My paternal grandfather was 100 percent Irish-American, his father’s parents having immigrated from County Kerry, Ireland and his mother’s parents immigrants from Northern Ireland’s County Tyrone.

I also have about a quarter each German and British ancestry from my grandmothers. But because they both have lines that date back to Colonial America as well recent immigrant ancestors, plus a few mysteries thrown in the mix, figuring out the distribution entailed much more research.

So, I was quite surprised to see my admixture results from FamilyTreeDNA reporting my ethnic makeup as follows:  67 percent European (45 percent British Isles and 22 percent Scandinavian), 31 percent Ashkenazi Diaspora and 3 percent Middle Eastern.

I was puzzled the most by the extra Jewish ancestry… I mean, shouldn’t I have only inherited a quarter of my DNA from my maternal Grandpa?  Was there an extra Jew (or line of Jews) way back in the family tree?

And where the heck were my German ancestors, whose lines I have had the most success in tracing back along the paper trail?

For nearly weeks now I’ve tried to learn more about this testing I had submitted to on a whim and discovered things I wish I had a better understanding of before I took the plunge into this new frontier of genealogical inquiry. It’s been an expensive lesson in buyer beware.

A few of the things I’ve learned:

  • Admixure results are only speculative. This I was actually pretty well aware of, but still found somewhat surprising in just how so.
  • While we absolutely inherit 50 percent of our DNA from each parent and should receive roughly 25 percent from each grandparent, things don’t always divide so evenly with each subsequent generation beyond our parents. Furthermore, one’s chromosomes don’t always inherit so equally, even in the most immediate (parent-child) relationship.
  • Endogamy will completely mess with your match results. Of this, too, I was already vaguely aware, but not at all prepared for just how skewed matches become with even just a fraction of ancestry from an endogamous population.

So even though I inherited none of my Grandpa’s swarthy looks (alas!), I apparently received quite a bit of his DNA when recombination occurred. To clarify, it seems I received chunks of unrecombined chromosomes (more on that below).

And as for my German ancestors, I was prepared to see something like 20-odd percent “Continental European” or similar broadly defined Western European group, but in the end those Scandinavian results and perhaps even some in the British Isles category could easily represent those lines thanks to migration.

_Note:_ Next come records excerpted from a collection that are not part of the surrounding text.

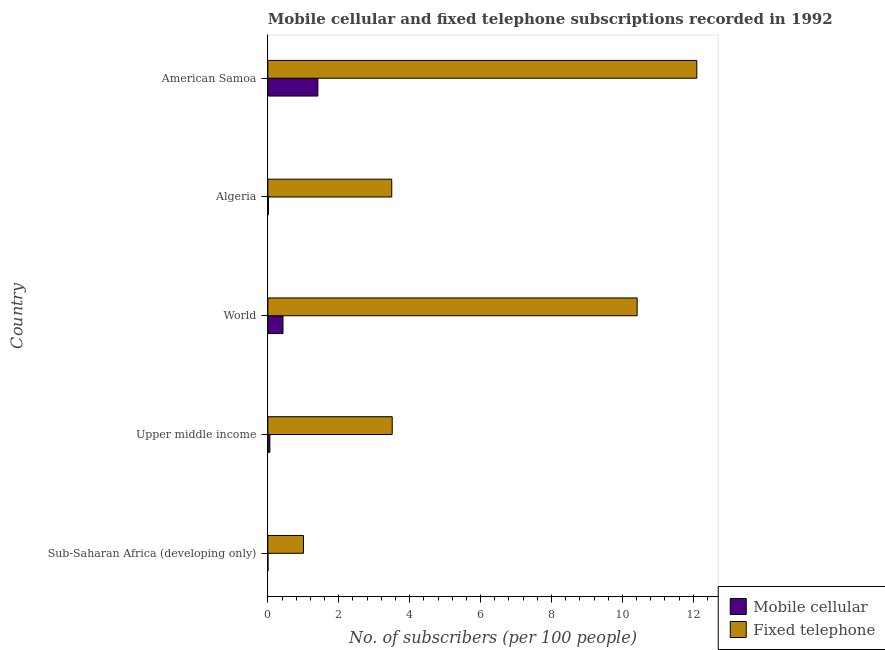How many different coloured bars are there?
Give a very brief answer. 2. Are the number of bars per tick equal to the number of legend labels?
Ensure brevity in your answer.  Yes. Are the number of bars on each tick of the Y-axis equal?
Offer a very short reply. Yes. How many bars are there on the 2nd tick from the top?
Make the answer very short. 2. What is the label of the 2nd group of bars from the top?
Provide a succinct answer. Algeria. In how many cases, is the number of bars for a given country not equal to the number of legend labels?
Offer a terse response. 0. What is the number of fixed telephone subscribers in Sub-Saharan Africa (developing only)?
Your answer should be compact. 1. Across all countries, what is the maximum number of fixed telephone subscribers?
Offer a very short reply. 12.1. Across all countries, what is the minimum number of mobile cellular subscribers?
Ensure brevity in your answer.  0. In which country was the number of fixed telephone subscribers maximum?
Offer a terse response. American Samoa. In which country was the number of mobile cellular subscribers minimum?
Offer a terse response. Sub-Saharan Africa (developing only). What is the total number of fixed telephone subscribers in the graph?
Your response must be concise. 30.52. What is the difference between the number of fixed telephone subscribers in American Samoa and that in Sub-Saharan Africa (developing only)?
Offer a terse response. 11.09. What is the difference between the number of fixed telephone subscribers in World and the number of mobile cellular subscribers in Upper middle income?
Give a very brief answer. 10.36. What is the average number of mobile cellular subscribers per country?
Offer a terse response. 0.38. What is the difference between the number of mobile cellular subscribers and number of fixed telephone subscribers in Sub-Saharan Africa (developing only)?
Offer a terse response. -1. What is the ratio of the number of mobile cellular subscribers in American Samoa to that in Upper middle income?
Keep it short and to the point. 24.85. Is the number of fixed telephone subscribers in Algeria less than that in World?
Ensure brevity in your answer.  Yes. Is the difference between the number of fixed telephone subscribers in Algeria and Upper middle income greater than the difference between the number of mobile cellular subscribers in Algeria and Upper middle income?
Your response must be concise. Yes. What is the difference between the highest and the second highest number of fixed telephone subscribers?
Ensure brevity in your answer.  1.68. What is the difference between the highest and the lowest number of mobile cellular subscribers?
Give a very brief answer. 1.41. In how many countries, is the number of mobile cellular subscribers greater than the average number of mobile cellular subscribers taken over all countries?
Ensure brevity in your answer.  2. What does the 1st bar from the top in Algeria represents?
Your response must be concise. Fixed telephone. What does the 1st bar from the bottom in World represents?
Ensure brevity in your answer.  Mobile cellular. How many countries are there in the graph?
Offer a very short reply. 5. Are the values on the major ticks of X-axis written in scientific E-notation?
Make the answer very short. No. Does the graph contain any zero values?
Provide a succinct answer. No. Does the graph contain grids?
Offer a terse response. No. Where does the legend appear in the graph?
Offer a terse response. Bottom right. How many legend labels are there?
Offer a terse response. 2. What is the title of the graph?
Give a very brief answer. Mobile cellular and fixed telephone subscriptions recorded in 1992. What is the label or title of the X-axis?
Offer a very short reply. No. of subscribers (per 100 people). What is the No. of subscribers (per 100 people) of Mobile cellular in Sub-Saharan Africa (developing only)?
Offer a terse response. 0. What is the No. of subscribers (per 100 people) of Fixed telephone in Sub-Saharan Africa (developing only)?
Give a very brief answer. 1. What is the No. of subscribers (per 100 people) in Mobile cellular in Upper middle income?
Provide a succinct answer. 0.06. What is the No. of subscribers (per 100 people) of Fixed telephone in Upper middle income?
Your answer should be very brief. 3.51. What is the No. of subscribers (per 100 people) in Mobile cellular in World?
Make the answer very short. 0.43. What is the No. of subscribers (per 100 people) of Fixed telephone in World?
Ensure brevity in your answer.  10.42. What is the No. of subscribers (per 100 people) in Mobile cellular in Algeria?
Your answer should be compact. 0.02. What is the No. of subscribers (per 100 people) in Fixed telephone in Algeria?
Make the answer very short. 3.49. What is the No. of subscribers (per 100 people) in Mobile cellular in American Samoa?
Your answer should be very brief. 1.41. What is the No. of subscribers (per 100 people) of Fixed telephone in American Samoa?
Your response must be concise. 12.1. Across all countries, what is the maximum No. of subscribers (per 100 people) of Mobile cellular?
Your answer should be very brief. 1.41. Across all countries, what is the maximum No. of subscribers (per 100 people) in Fixed telephone?
Make the answer very short. 12.1. Across all countries, what is the minimum No. of subscribers (per 100 people) in Mobile cellular?
Ensure brevity in your answer.  0. Across all countries, what is the minimum No. of subscribers (per 100 people) in Fixed telephone?
Provide a succinct answer. 1. What is the total No. of subscribers (per 100 people) in Mobile cellular in the graph?
Ensure brevity in your answer.  1.92. What is the total No. of subscribers (per 100 people) of Fixed telephone in the graph?
Offer a terse response. 30.52. What is the difference between the No. of subscribers (per 100 people) of Mobile cellular in Sub-Saharan Africa (developing only) and that in Upper middle income?
Offer a very short reply. -0.05. What is the difference between the No. of subscribers (per 100 people) of Fixed telephone in Sub-Saharan Africa (developing only) and that in Upper middle income?
Offer a very short reply. -2.5. What is the difference between the No. of subscribers (per 100 people) of Mobile cellular in Sub-Saharan Africa (developing only) and that in World?
Make the answer very short. -0.42. What is the difference between the No. of subscribers (per 100 people) in Fixed telephone in Sub-Saharan Africa (developing only) and that in World?
Your response must be concise. -9.41. What is the difference between the No. of subscribers (per 100 people) in Mobile cellular in Sub-Saharan Africa (developing only) and that in Algeria?
Your answer should be very brief. -0.01. What is the difference between the No. of subscribers (per 100 people) in Fixed telephone in Sub-Saharan Africa (developing only) and that in Algeria?
Your answer should be very brief. -2.49. What is the difference between the No. of subscribers (per 100 people) in Mobile cellular in Sub-Saharan Africa (developing only) and that in American Samoa?
Give a very brief answer. -1.41. What is the difference between the No. of subscribers (per 100 people) in Fixed telephone in Sub-Saharan Africa (developing only) and that in American Samoa?
Offer a very short reply. -11.09. What is the difference between the No. of subscribers (per 100 people) of Mobile cellular in Upper middle income and that in World?
Provide a succinct answer. -0.37. What is the difference between the No. of subscribers (per 100 people) of Fixed telephone in Upper middle income and that in World?
Offer a very short reply. -6.91. What is the difference between the No. of subscribers (per 100 people) in Mobile cellular in Upper middle income and that in Algeria?
Your response must be concise. 0.04. What is the difference between the No. of subscribers (per 100 people) in Fixed telephone in Upper middle income and that in Algeria?
Keep it short and to the point. 0.01. What is the difference between the No. of subscribers (per 100 people) of Mobile cellular in Upper middle income and that in American Samoa?
Provide a succinct answer. -1.35. What is the difference between the No. of subscribers (per 100 people) of Fixed telephone in Upper middle income and that in American Samoa?
Provide a succinct answer. -8.59. What is the difference between the No. of subscribers (per 100 people) in Mobile cellular in World and that in Algeria?
Offer a very short reply. 0.41. What is the difference between the No. of subscribers (per 100 people) in Fixed telephone in World and that in Algeria?
Offer a terse response. 6.92. What is the difference between the No. of subscribers (per 100 people) in Mobile cellular in World and that in American Samoa?
Offer a very short reply. -0.98. What is the difference between the No. of subscribers (per 100 people) of Fixed telephone in World and that in American Samoa?
Provide a short and direct response. -1.68. What is the difference between the No. of subscribers (per 100 people) in Mobile cellular in Algeria and that in American Samoa?
Your response must be concise. -1.39. What is the difference between the No. of subscribers (per 100 people) of Fixed telephone in Algeria and that in American Samoa?
Provide a short and direct response. -8.6. What is the difference between the No. of subscribers (per 100 people) in Mobile cellular in Sub-Saharan Africa (developing only) and the No. of subscribers (per 100 people) in Fixed telephone in Upper middle income?
Keep it short and to the point. -3.5. What is the difference between the No. of subscribers (per 100 people) in Mobile cellular in Sub-Saharan Africa (developing only) and the No. of subscribers (per 100 people) in Fixed telephone in World?
Offer a very short reply. -10.41. What is the difference between the No. of subscribers (per 100 people) of Mobile cellular in Sub-Saharan Africa (developing only) and the No. of subscribers (per 100 people) of Fixed telephone in Algeria?
Provide a short and direct response. -3.49. What is the difference between the No. of subscribers (per 100 people) of Mobile cellular in Sub-Saharan Africa (developing only) and the No. of subscribers (per 100 people) of Fixed telephone in American Samoa?
Offer a very short reply. -12.09. What is the difference between the No. of subscribers (per 100 people) in Mobile cellular in Upper middle income and the No. of subscribers (per 100 people) in Fixed telephone in World?
Offer a very short reply. -10.36. What is the difference between the No. of subscribers (per 100 people) of Mobile cellular in Upper middle income and the No. of subscribers (per 100 people) of Fixed telephone in Algeria?
Your answer should be compact. -3.44. What is the difference between the No. of subscribers (per 100 people) of Mobile cellular in Upper middle income and the No. of subscribers (per 100 people) of Fixed telephone in American Samoa?
Your answer should be very brief. -12.04. What is the difference between the No. of subscribers (per 100 people) of Mobile cellular in World and the No. of subscribers (per 100 people) of Fixed telephone in Algeria?
Your response must be concise. -3.07. What is the difference between the No. of subscribers (per 100 people) in Mobile cellular in World and the No. of subscribers (per 100 people) in Fixed telephone in American Samoa?
Ensure brevity in your answer.  -11.67. What is the difference between the No. of subscribers (per 100 people) of Mobile cellular in Algeria and the No. of subscribers (per 100 people) of Fixed telephone in American Samoa?
Offer a terse response. -12.08. What is the average No. of subscribers (per 100 people) in Mobile cellular per country?
Provide a short and direct response. 0.38. What is the average No. of subscribers (per 100 people) of Fixed telephone per country?
Give a very brief answer. 6.1. What is the difference between the No. of subscribers (per 100 people) of Mobile cellular and No. of subscribers (per 100 people) of Fixed telephone in Sub-Saharan Africa (developing only)?
Your answer should be very brief. -1. What is the difference between the No. of subscribers (per 100 people) of Mobile cellular and No. of subscribers (per 100 people) of Fixed telephone in Upper middle income?
Make the answer very short. -3.45. What is the difference between the No. of subscribers (per 100 people) of Mobile cellular and No. of subscribers (per 100 people) of Fixed telephone in World?
Make the answer very short. -9.99. What is the difference between the No. of subscribers (per 100 people) of Mobile cellular and No. of subscribers (per 100 people) of Fixed telephone in Algeria?
Your response must be concise. -3.48. What is the difference between the No. of subscribers (per 100 people) of Mobile cellular and No. of subscribers (per 100 people) of Fixed telephone in American Samoa?
Your answer should be very brief. -10.69. What is the ratio of the No. of subscribers (per 100 people) in Mobile cellular in Sub-Saharan Africa (developing only) to that in Upper middle income?
Provide a succinct answer. 0.06. What is the ratio of the No. of subscribers (per 100 people) in Fixed telephone in Sub-Saharan Africa (developing only) to that in Upper middle income?
Offer a very short reply. 0.29. What is the ratio of the No. of subscribers (per 100 people) of Mobile cellular in Sub-Saharan Africa (developing only) to that in World?
Provide a short and direct response. 0.01. What is the ratio of the No. of subscribers (per 100 people) of Fixed telephone in Sub-Saharan Africa (developing only) to that in World?
Offer a terse response. 0.1. What is the ratio of the No. of subscribers (per 100 people) of Mobile cellular in Sub-Saharan Africa (developing only) to that in Algeria?
Give a very brief answer. 0.2. What is the ratio of the No. of subscribers (per 100 people) of Fixed telephone in Sub-Saharan Africa (developing only) to that in Algeria?
Keep it short and to the point. 0.29. What is the ratio of the No. of subscribers (per 100 people) in Mobile cellular in Sub-Saharan Africa (developing only) to that in American Samoa?
Offer a very short reply. 0. What is the ratio of the No. of subscribers (per 100 people) of Fixed telephone in Sub-Saharan Africa (developing only) to that in American Samoa?
Your response must be concise. 0.08. What is the ratio of the No. of subscribers (per 100 people) of Mobile cellular in Upper middle income to that in World?
Your answer should be compact. 0.13. What is the ratio of the No. of subscribers (per 100 people) of Fixed telephone in Upper middle income to that in World?
Your response must be concise. 0.34. What is the ratio of the No. of subscribers (per 100 people) of Mobile cellular in Upper middle income to that in Algeria?
Offer a terse response. 3.27. What is the ratio of the No. of subscribers (per 100 people) of Mobile cellular in Upper middle income to that in American Samoa?
Provide a short and direct response. 0.04. What is the ratio of the No. of subscribers (per 100 people) in Fixed telephone in Upper middle income to that in American Samoa?
Your answer should be compact. 0.29. What is the ratio of the No. of subscribers (per 100 people) of Mobile cellular in World to that in Algeria?
Provide a succinct answer. 24.59. What is the ratio of the No. of subscribers (per 100 people) of Fixed telephone in World to that in Algeria?
Ensure brevity in your answer.  2.98. What is the ratio of the No. of subscribers (per 100 people) of Mobile cellular in World to that in American Samoa?
Give a very brief answer. 0.3. What is the ratio of the No. of subscribers (per 100 people) of Fixed telephone in World to that in American Samoa?
Your answer should be compact. 0.86. What is the ratio of the No. of subscribers (per 100 people) in Mobile cellular in Algeria to that in American Samoa?
Your answer should be very brief. 0.01. What is the ratio of the No. of subscribers (per 100 people) of Fixed telephone in Algeria to that in American Samoa?
Keep it short and to the point. 0.29. What is the difference between the highest and the second highest No. of subscribers (per 100 people) of Mobile cellular?
Provide a short and direct response. 0.98. What is the difference between the highest and the second highest No. of subscribers (per 100 people) in Fixed telephone?
Your answer should be very brief. 1.68. What is the difference between the highest and the lowest No. of subscribers (per 100 people) of Mobile cellular?
Give a very brief answer. 1.41. What is the difference between the highest and the lowest No. of subscribers (per 100 people) in Fixed telephone?
Give a very brief answer. 11.09.

Now, going into this misadventure I fully anticipated having to do a bit of work in order to figure out how I relate to any matches. I was also aware that trying to bust brick walls five generations back would be a difficult task, perhaps even impossible for those mystery ancestors much further back on my family tree.

But here’s the thing… though I have quite a number of matches within a second to fourth cousin (not close, but less-distant) range, none of them appear to be truly in that range thanks to endogamy. And that leaves me only with matches of fifth to (much more common) distant cousin range – almost all of whom appear to relate through our shared Jewish ancestry.

One of the hopes I had for atDNA testing was to match with less-distant (second to third) cousins who are related to me through my Jewish and Irish lines, as they are the branches of my family tree for which I have the least information. Some of the reason for that is just the difficult nature of Jewish and Irish genealogical research, due to lack of records.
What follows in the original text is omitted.